Opinion
July 2, 1992
Appeal from the Supreme Court, New York County (Diane Lebedeff, J.).
While employed by the third-party defendant Alvin Petroleum Systems, Inc. ("Alvin") on December 19, 1988, the plaintiff sustained injuries when he fell into a pump basin whose manhole cover had been removed by another Alvin employee. The plaintiff had been unloading gasoline pumps that were to be installed at the defendant LR Service Station from a truck. The defendant Exxon Corporation alleged that it sublet the property to LR and hired Alvin to remove and replace old gas pumps and tanks at the station.
The plaintiff instituted this action against Exxon and LR alleging negligence and violations of the Labor Law. Exxon thereafter moved for summary judgment dismissing the complaint on the ground that it did not own, occupy, control, manage or supervise the property where the plaintiff was injured and on the ground that its conduct was not the proximate cause of the plaintiff's injuries. The Supreme Court denied Exxon's motion in its entirety.
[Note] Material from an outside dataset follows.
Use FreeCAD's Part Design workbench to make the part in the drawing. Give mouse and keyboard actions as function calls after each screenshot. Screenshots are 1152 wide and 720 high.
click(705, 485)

After the Supreme Court denied Exxon's motion, further discovery was completed in this matter, and the plaintiff now consents to the dismissal of the claims brought pursuant to section 200 Lab. of the Labor Law as against Exxon only. Accordingly, we modify the order of the Supreme Court to dismiss these claims.
The order is, however, otherwise affirmed since we agree with the Supreme Court that questions of fact exist with regard to the remainder of the plaintiff's claims. Although Exxon contends, inter alia, that it is not liable under Labor Law § 241 (6) because it is not an "owner" and because the dangerous condition on the property, caused by the plaintiff's co-worker, was an intervening act which was not a foreseeable consequence of any negligence that may be attributed to Exxon, Exxon has failed to make a prima facie showing of entitlement to judgment as a matter of law (see, Winegrad v. New York Univ. Med. Ctr., 64 N.Y.2d 851).
Labor Law § 241 (6) imposes a nondelegable duty on contractors and owners (Long v. Forest-Fehlhaber, 55 N.Y.2d 154) and liability may attach regardless of their control, direction or supervision of the work site (Allen v. Cloutier Constr. Corp., 44 N.Y.2d 290; Sergio v. Benjolo N.V., 168 A.D.2d 235). Exxon never produced documentation definitively establishing its claim that it was a lessee rather than an owner of the property. It cannot escape liability by demonstrating that it delegated the responsibility for its duties under section 241 (6) to its lessee LR (see, Sergio v. Benjolo N.V., supra; Sperber v. Penn Cent. Corp., 150 A.D.2d 356; Celestine v. City of New York, 86 A.D.2d 592, affd 59 N.Y.2d 938). The record reveals that Exxon leased the property to LR, retained the right of entry and access to the premises and hired Alvin to perform the construction work. Accordingly, issues of fact exist as to whether Exxon was an "owner" pursuant to Labor Law § 241 (6) precluding the award of summary judgment (see, DeFreece v. Penny Bag, 137 A.D.2d 744; Copertino v. Ward, 100 A.D.2d 565). Any issues as to causation and foreseeability must also await determination by the trier of fact (see, Derdiarian v Felix Contr. Corp., 51 N.Y.2d 308).
Exxon's motion for summary judgment dismissing the plaintiff's Labor Law § 240 (1) claims was also properly denied. The plaintiff alleged that he was injured while removing gasoline pumps from the mechanically operated hoist tailgate of a truck which hoist had been elevated four feet from the ground. In the course of doing so, he stepped backward into an uncovered basin and one of the pumps fell from the hoist tailgate and onto the plaintiff, causing his injuries (see, Rocovich v. Consolidated Edison Co., 78 N.Y.2d 509).
We have considered Exxon's remaining contention and find it to be without merit.
Concur — Rosenberger, J.P., Ellerin, Wallach and Rubin, JJ.
While I concur with the court's opinion with respect to Labor Law §§ 200 and 241 (6), I dissent and would grant summary judgment to the defendant with respect to Labor Law § 240 (1).
The risk involved was not elevation-related (see, Rocovich v Consolidated Edison Co., 78 N.Y.2d 509, 515).